== GIVEN INFORMATION ==

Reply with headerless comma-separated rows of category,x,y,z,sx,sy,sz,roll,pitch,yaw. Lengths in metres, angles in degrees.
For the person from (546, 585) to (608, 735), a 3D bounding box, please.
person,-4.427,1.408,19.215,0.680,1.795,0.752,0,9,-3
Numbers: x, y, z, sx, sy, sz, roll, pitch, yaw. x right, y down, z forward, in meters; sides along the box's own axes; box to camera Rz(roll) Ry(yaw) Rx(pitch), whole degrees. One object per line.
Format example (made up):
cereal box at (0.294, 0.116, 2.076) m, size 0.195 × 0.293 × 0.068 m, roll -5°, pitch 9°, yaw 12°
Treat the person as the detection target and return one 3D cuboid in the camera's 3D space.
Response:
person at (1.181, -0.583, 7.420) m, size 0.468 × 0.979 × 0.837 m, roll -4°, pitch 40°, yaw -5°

===

§ **WORK REQUIRED**: Each line of the data that has the string "degrees" should be returned.

§ **EXERCISE OUTPUT**:
Reply with headerless comma-separated rows of category,x,y,z,sx,sy,sz,roll,pitch,yaw. Lengths in metres, angles in degrees.
Numbers: x, y, z, sx, sy, sz, roll, pitch, yaw. x right, y down, z forward, in meters; sides along the box's own axes; box to camera Rz(roll) Ry(yaw) Rx(pitch), whole degrees. One object per line.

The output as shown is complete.